I grin at him. “Okay.”

He squeezes my hand before releasing it. “Now we’re on the highway, you’re on radio duty.”

“And I can pick anything?” I grin at him.

He changes lanes and gives me a defeated look. “I just signed myself up for six hours of Taylor Swift, didn’t I?”

“Well, maybe not exactly six.”

And no, I do not inflict six hours of Taylor Swift on Dom. He would let me, but I don’t. We share radio duty along with the driving and the snacks.

It’s the perfect partnership.

Dom and I marry at night, in a lightning storm two weeks after his birthday.

Galen conducts the ceremony. I wear a white strappy summer dress, and a flower headband with peonies and wildflowers in my hair. Dom just wears white trousers.

No, it doesn’t make sense to wear a flower headband in a lightning storm, or even to get married under one. But to me, it’s perfect. And to Dom, it’s his perfect birthday.

So it is perfect.

And after Dom kisses me, I meet the growly, surprisingly cuddly, and protective wolf side of him.

We spend the next hour laughing in the rain, chasing each other and kissing as his packmates melt away. When the rain gets too much, even for us, Dom carries me up to the ladder to the straw bed in the outbuilding.

I’m lying on the straw as he braces himself over me, his bent elbow beside my head, and a smile in his eyes. “Did I make you happy today?”

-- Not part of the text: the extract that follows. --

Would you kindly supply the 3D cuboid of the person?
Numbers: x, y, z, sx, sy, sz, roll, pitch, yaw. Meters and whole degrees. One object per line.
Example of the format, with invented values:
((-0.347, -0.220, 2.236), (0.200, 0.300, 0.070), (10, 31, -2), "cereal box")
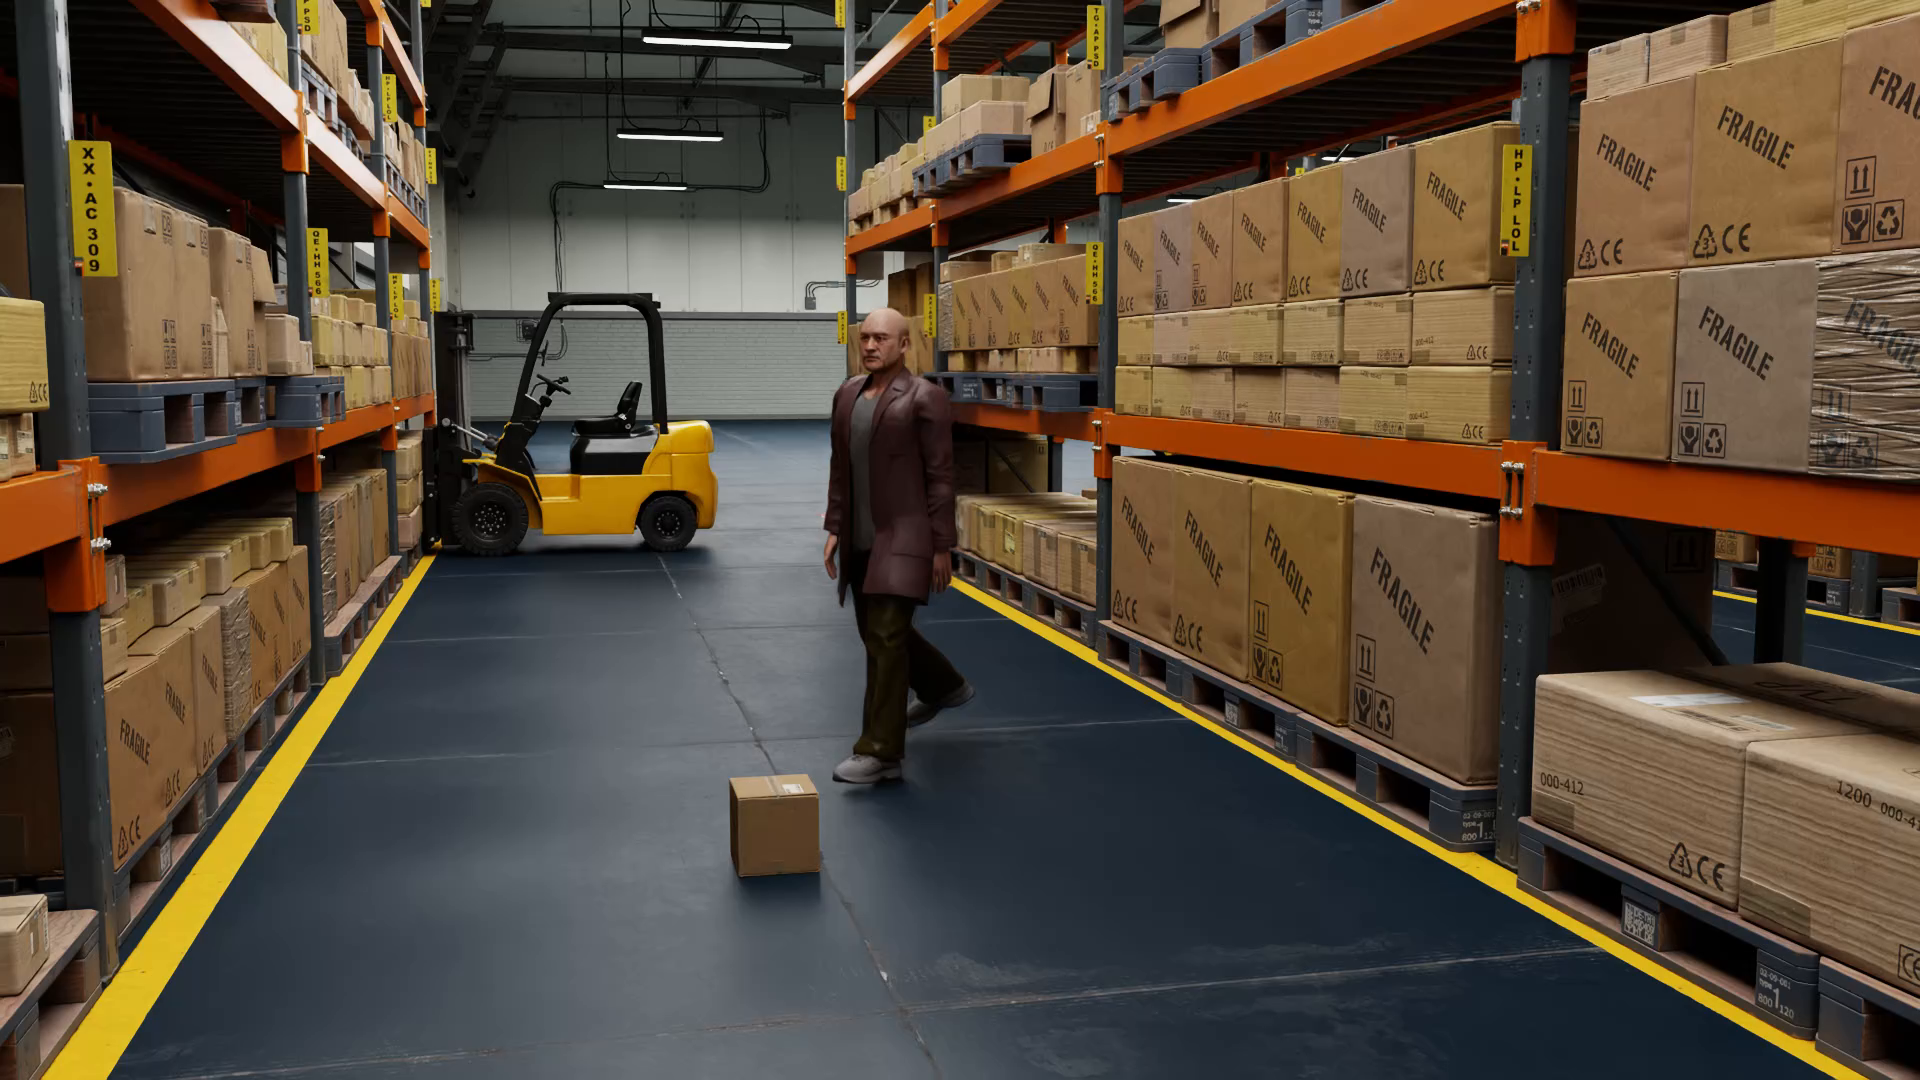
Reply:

He asks me every day. The last question of the day is always that.

“You did. But…”

He pauses before he can kiss me. “But what?”

I kiss him, soft, sweet, and exactly how I’ve wanted to all day. “I’m not sure I made you as happy as you made me.”

“You did. How tired are you?” His fingers grip the bottom of my white dress, and he slowly tugs it up. It’s strange to see the silver wedding band that I slid on his finger an hour ago. He slid a thinner, matching silver ring onto mine. We chose them together, with help from Noel and Melissa, the married owners of the jewelry store.

I wasn’t sure where the ring would go when he became a wolf, and he didn’t want to lose it in the rain, so he put it on my necklace so I could wear it for him. And as soon as he shifted back to his human form, it was the first thing he asked for.

After he kissed me, of course.

“Not too tired for that.” I smile.

He kisses my lips, then right beside my mouth. “This freckle had to be the first.”

“The first?”

“The first.” And he kisses each and every freckle. I assume he does, because the day has been a long one, and he takes his time doing it.

When I wake up, we’re back in our bed, my rain-dampened skin dry, and I have a warm comforter over me as Dom snores beside me. It’s late. The house is quiet and there’s not even a hint of moonlight peeping in from the edge of the curtains.

Then I wake him up.

He doesn’t have any freckles, so it doesn’t take nearly as much time to kiss him all over.

That doesn’t mean I don’t take my time.